Apesar deste fato, o governo da Nicarágua apenas reconheceu 199 mortes devido às autoridades terem considerado como uma tentativa de golpe Estado, que já fora derrotada.

A ANPDH comunicou que 1.315 pessoas foram “sequestradas” por grupos paramilitares, permanecendo desaparecidas, ou sendo presas injustamente.

Cerca de 472 manifestantes antigovernamentais foram liberados por gestão da ANPDH, além de 20 oficiais da Polícia Nacional, segundo o relatório da ONG e da Igreja Católica, que atua como mediadora do diálogo nacional, foi suspenso desde julho deste ano.

Grupos paramilitares destruíram 47 imóveis durante a crise e outras 40 casas também foram alvos de tentativas de ataques e saques por policiais e grupos armados.

No dia 19 de outubro, a Comissão Interamericana de Direitos Humanos (CIDH) alertou, juntamente com o secretário-geral da Organização de Estados Americanos (OEA), Luis Almagro, para o aumento da repressão em para um número maior de detidos nos protestos contra o presidente Ortega.
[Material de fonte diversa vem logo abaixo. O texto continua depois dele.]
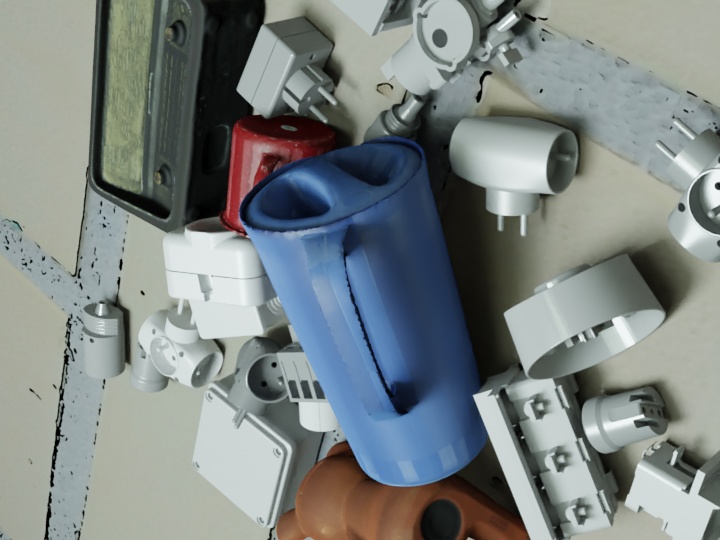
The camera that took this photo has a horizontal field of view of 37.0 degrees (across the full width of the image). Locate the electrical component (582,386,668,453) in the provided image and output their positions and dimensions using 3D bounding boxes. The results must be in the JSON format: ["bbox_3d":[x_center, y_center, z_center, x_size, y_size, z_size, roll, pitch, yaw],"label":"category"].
[{"bbox_3d":[0.184,0.103,0.744,0.046,0.040,0.040,-24,91,40],"label":"electrical component"}]

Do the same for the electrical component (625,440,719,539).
[{"bbox_3d":[0.219,0.153,0.733,0.064,0.042,0.081,30,125,33],"label":"electrical component"}]

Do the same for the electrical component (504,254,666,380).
[{"bbox_3d":[0.147,0.032,0.709,0.099,0.099,0.064,-34,78,45],"label":"electrical component"}]

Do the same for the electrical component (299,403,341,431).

As organizações humanitárias afirmaram que há, pelo menos, 610 “presos políticos”. Porém, o governo afirma que o número de detentos é de 273, sendo “terroristas”, “golpistas” e “delinquentes comuns”.

O Alto Comissariado das Nações Unidas para os Direitos Humanos (Acnur) culpou o governo de Ortega pelas mais de 300 mortes, além de execuções que não foram divulgadas oficialmente, tortura e prisões arbitrárias. Ortega rejeita qualquer acusação.

As manifestações contra o presidente se iniciaram devido a uma reforma na previdência privada, que acabou sendo cancelada. Porém, após o fato, a população começou a pedir a renúncia de Ortega, que está há 11 anos consecutivos no poder, junto de sua esposa, Rosario Murillo, que é vice-presidente.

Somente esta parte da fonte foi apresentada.